Revamping associative arrays

Sat Oct 17 23:59:54 PDT 2009

Andrei Alexandrescu:

I like how you leave no stone unturned. Regardless of what the "final" quality of the D2 language will be, I will always think you have done your best to improve it. I will say so to the people I know too.

I have already discussed about D AAs in the past, but I guess it was not the right moment to do.

Do we want to keep them in the language? It's easy to do an:
import std.collections: HashMap;
And a flexible language is supposed to allow for a handy syntax even for user-defined collections.
But the built-ins have a nicer syntax and a little different purpose. So I think having the built-in syntax is good.

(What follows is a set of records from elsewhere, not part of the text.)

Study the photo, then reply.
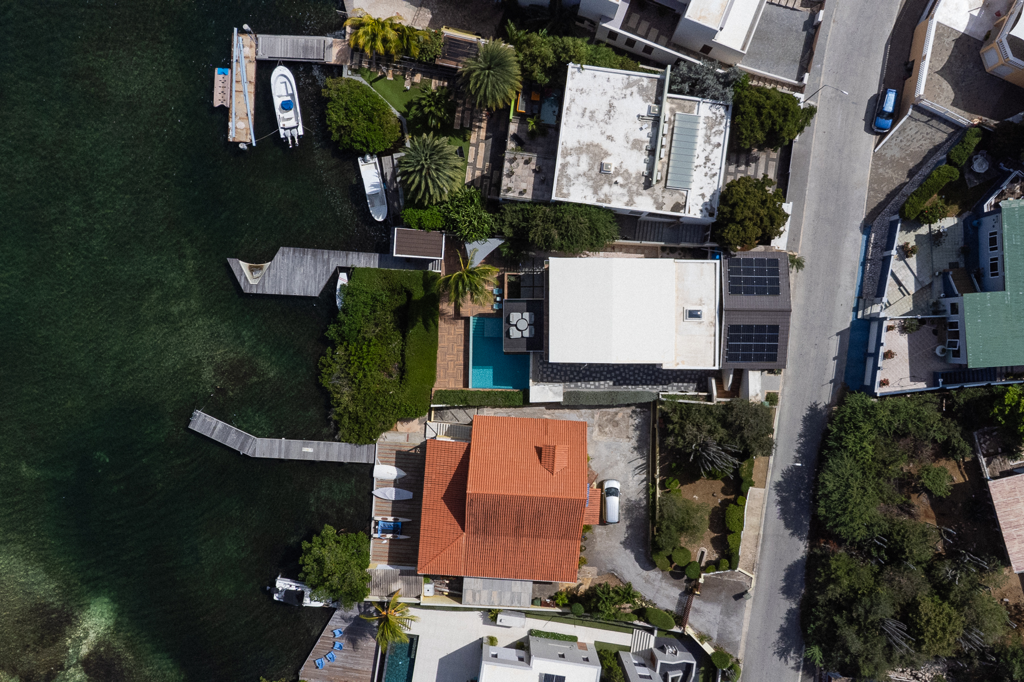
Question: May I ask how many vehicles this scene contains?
2
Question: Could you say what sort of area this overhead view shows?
residential area
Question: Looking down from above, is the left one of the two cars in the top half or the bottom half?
bottom
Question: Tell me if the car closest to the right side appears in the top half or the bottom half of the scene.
top
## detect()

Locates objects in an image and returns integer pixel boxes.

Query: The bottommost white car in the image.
[601,479,623,525]
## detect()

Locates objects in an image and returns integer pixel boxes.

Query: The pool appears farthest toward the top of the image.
[540,93,559,126]
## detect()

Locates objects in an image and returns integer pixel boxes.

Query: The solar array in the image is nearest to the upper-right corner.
[727,258,781,295]
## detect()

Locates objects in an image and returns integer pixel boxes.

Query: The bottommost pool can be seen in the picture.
[386,634,420,682]
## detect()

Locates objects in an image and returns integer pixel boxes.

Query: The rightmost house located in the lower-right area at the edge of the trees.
[977,467,1024,573]
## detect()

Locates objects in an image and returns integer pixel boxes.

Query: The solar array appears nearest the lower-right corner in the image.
[726,325,780,362]
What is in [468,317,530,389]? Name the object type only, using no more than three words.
swimming pool
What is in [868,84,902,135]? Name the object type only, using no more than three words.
car
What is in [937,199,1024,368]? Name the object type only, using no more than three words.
house
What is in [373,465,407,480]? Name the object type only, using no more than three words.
boat
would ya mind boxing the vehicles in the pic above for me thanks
[601,479,623,525]
[868,84,902,135]
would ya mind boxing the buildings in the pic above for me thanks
[977,467,1024,573]
[482,635,601,682]
[544,257,720,369]
[418,415,600,584]
[615,631,695,682]
[551,63,732,226]
[937,199,1024,368]
[984,0,1024,81]
[824,669,853,682]
[392,227,446,261]
[575,0,767,84]
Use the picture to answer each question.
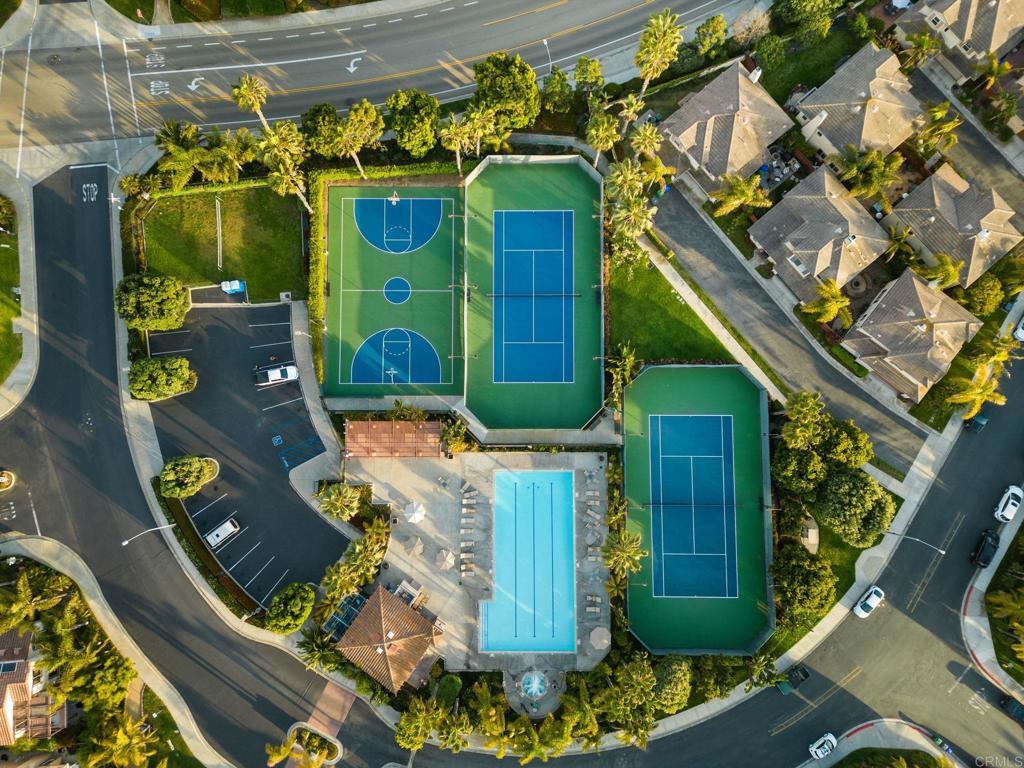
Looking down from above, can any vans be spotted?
Yes
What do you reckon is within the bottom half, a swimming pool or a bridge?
swimming pool
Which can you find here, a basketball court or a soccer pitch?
basketball court
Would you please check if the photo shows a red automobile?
No
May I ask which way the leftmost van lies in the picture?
at an angle
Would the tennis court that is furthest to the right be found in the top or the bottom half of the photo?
bottom
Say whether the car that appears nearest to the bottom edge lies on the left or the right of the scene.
right
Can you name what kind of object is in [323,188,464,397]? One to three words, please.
basketball court
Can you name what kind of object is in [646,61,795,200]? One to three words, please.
house
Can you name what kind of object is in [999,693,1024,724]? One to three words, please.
car
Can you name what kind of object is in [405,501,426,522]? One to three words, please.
umbrella
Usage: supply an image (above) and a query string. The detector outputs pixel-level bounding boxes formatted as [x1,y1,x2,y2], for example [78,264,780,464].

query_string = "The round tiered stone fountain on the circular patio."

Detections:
[847,274,867,293]
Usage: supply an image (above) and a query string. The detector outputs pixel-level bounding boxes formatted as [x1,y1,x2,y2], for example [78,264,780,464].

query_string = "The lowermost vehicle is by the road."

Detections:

That syntax may map to built-in logic, or to library code. Both options are acceptable, but I think having built-in logic is a little better.
But I need templated HashMaps and TreeMaps too in a std.collections.

Using templates leads to faster code, so the hash in collections can be templated. But templates slow down compilation and inflate binary size. Built-i AAs have a handy syntax, so they get used more often, even where you put only 6 items into them. So I'd like built-in AAs to be optimized for a very small number of items too. There are several ways to do this. Built-in AAs must be the most general and very flexible, easy to use, and not bug-prone. I don't need built-in AAs to be the faster ones, or the ones the use the less memory. This is an optimization, so for such more demanding needs I can use the HashMap from the collections module.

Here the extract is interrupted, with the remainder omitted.